# Force Organization Chart



## Treesnifer (Jun 13, 2010)

I've searched for a bit through the forums, but I can't seem to find the answer I'm looking for.

The two army books (codexes?, codexci?) we have are eldar and csm. They have the same FOC charts: Compulsory, Elite Option and Fast Attack Option. I have no idea if other armies have different choices, or they are all the same and each codex gets to adds its own tweak. In reading people's list choices, I am regularly confused as to how they fit into the FOC. This morn, while rereading the FOC rules and chart, it dawned on me that the Fast Attack option does not list the required HQ. If you followed this third option, technically you would be unable to win a standard scenario for there are no troop slots available.

In the battles we, Anfo (my son) and I, have played we have followed the basic FOC choices - HQ, 2 Troops, 1 Elite, 1 Fast Attack, 1 Hvy Sup. Anfo has wandered off the reservation a couple times, but I have been resolute. The Elite Option I like, but I have been stymied by being obligated to purchasing a second HQ in order to have access to some Hvy Sup.

Would a list like this be considered legal?

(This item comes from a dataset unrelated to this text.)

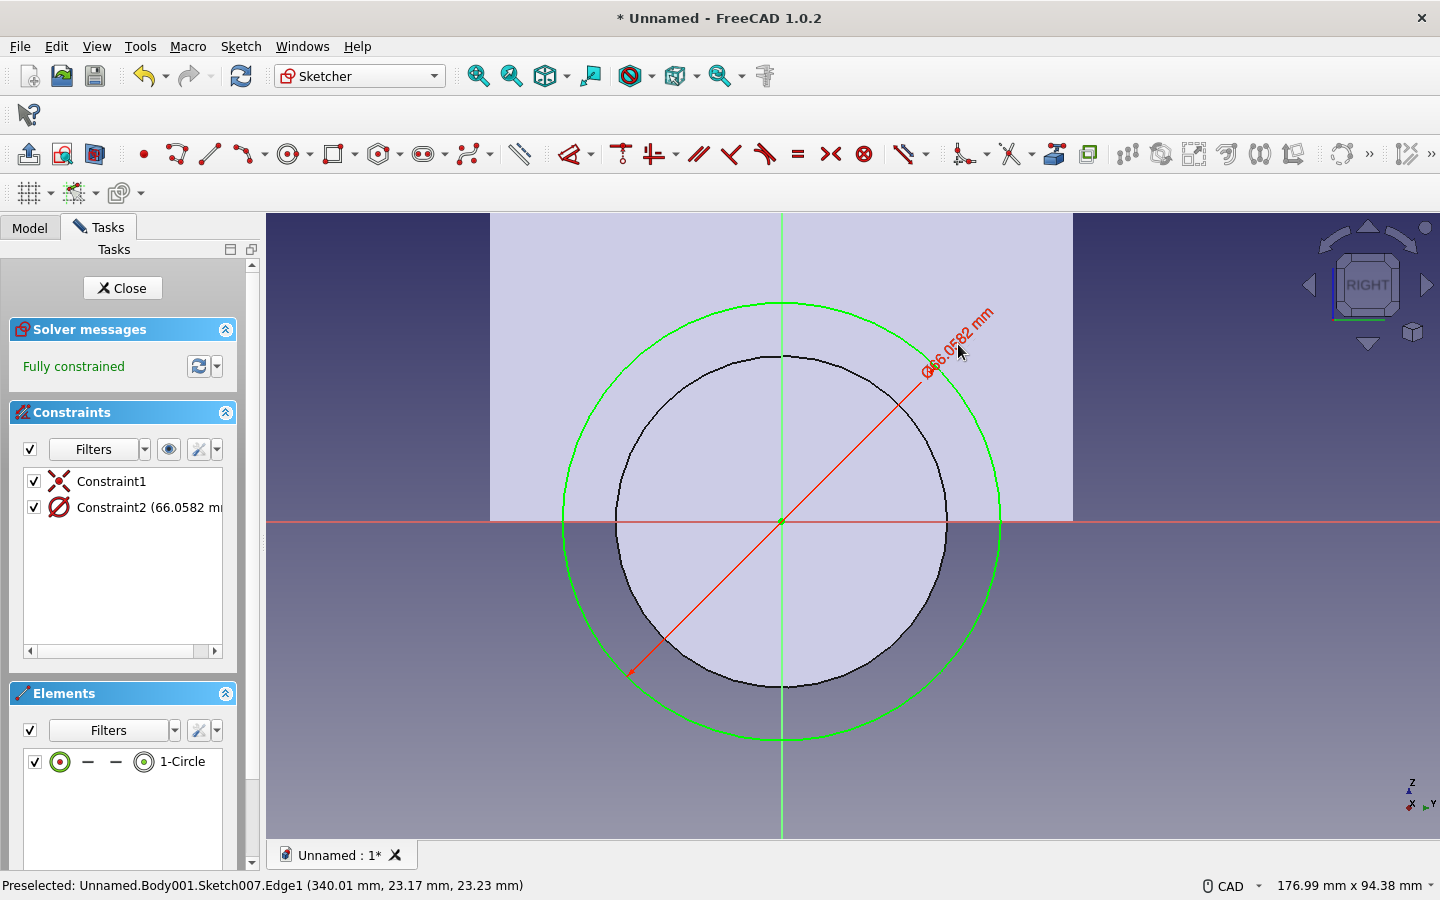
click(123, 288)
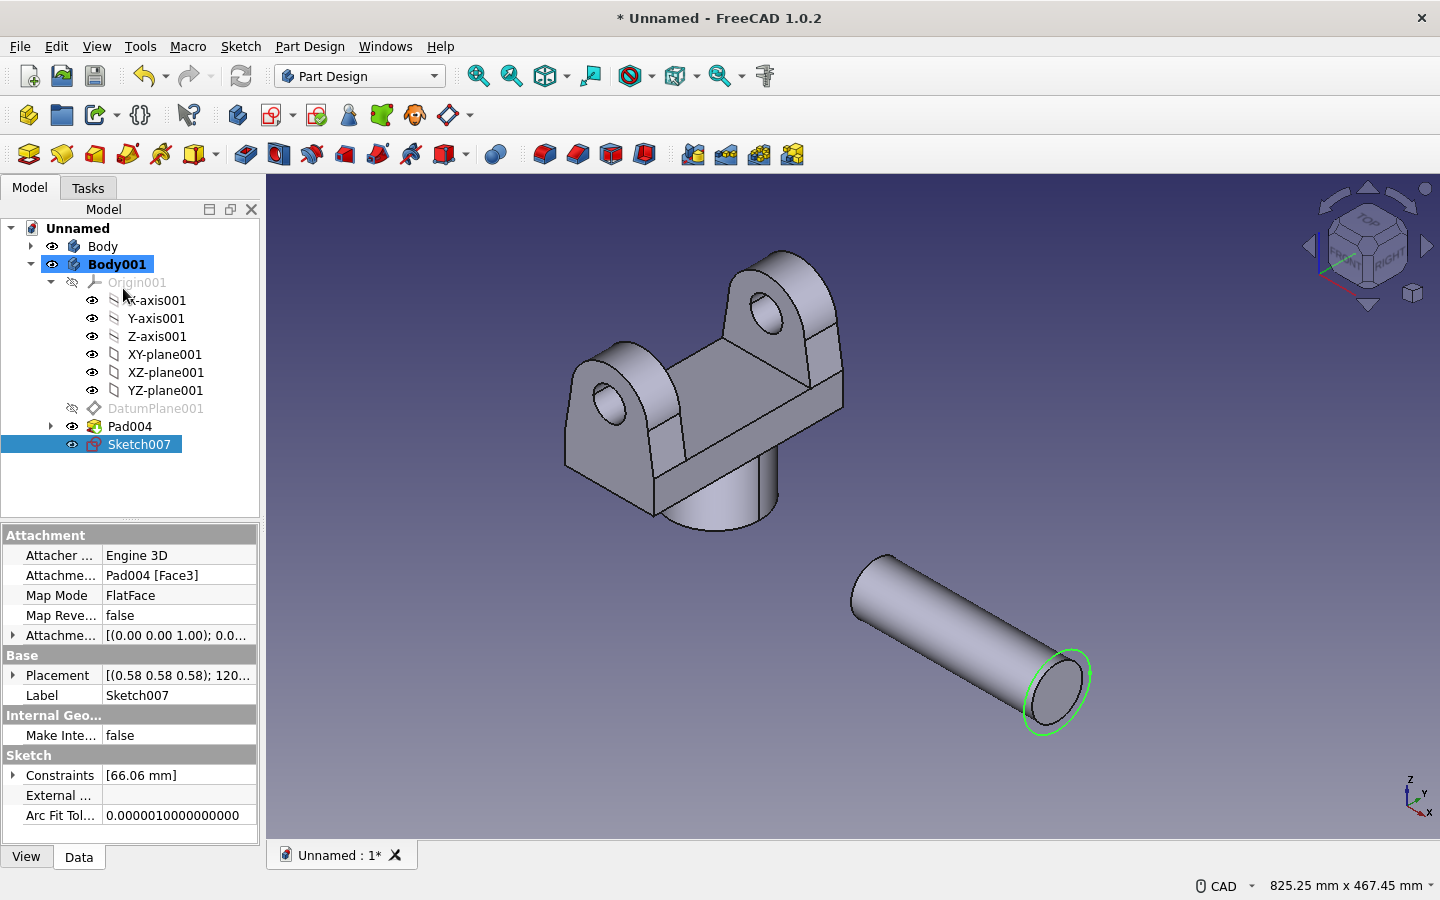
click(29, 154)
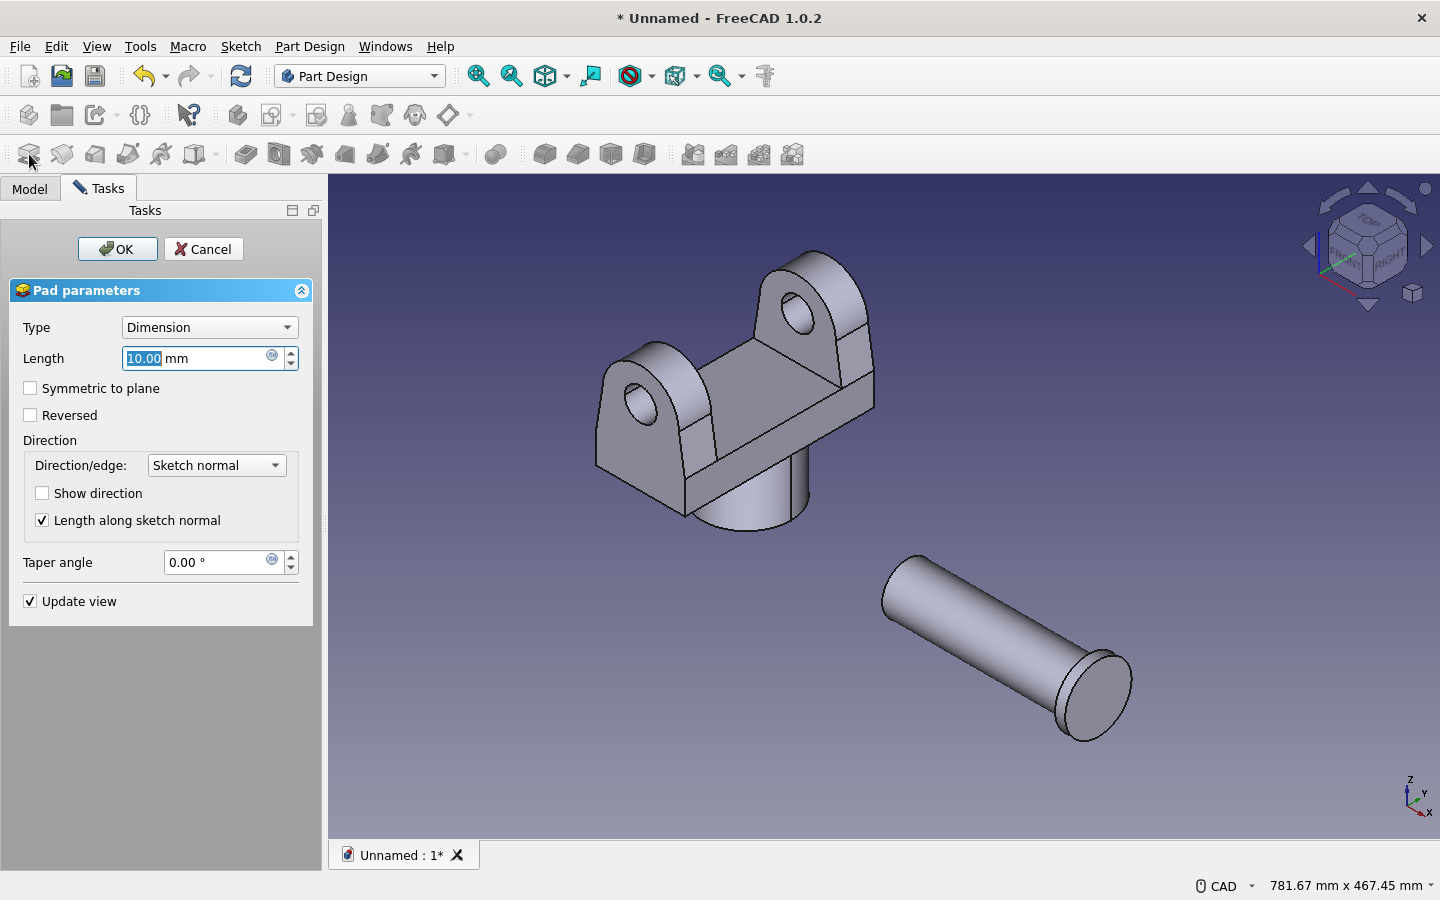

Detachment 1; Elite Option - HQ x1, Troop x3, Elite x2
and 
Detachment 2; FA Option - Fast Attack x2, Hvy Sup. x1

Each detachment is shorted unit slots. Detachment 1 is short a troop and an elite. Detachment 2 is missing a Fast Attack and two Heavy Support choices. Is this legal at a GW store/event?

My overall goal is that when Anfo moves to the LGS, his lists are legal and not built on house or misunderstood rules. I don't care how screwy other player's lists are. They cheat? Their choice. But I'll be damned if I or mine are accused of cheating. I'll happily carry a red hot iron bar as far you feel I need to in order to prove my honesty. I hold my son to the same standard.


----------



## Baron Spikey (Mar 26, 2008)

Sorry I'm confused as to what you're on about?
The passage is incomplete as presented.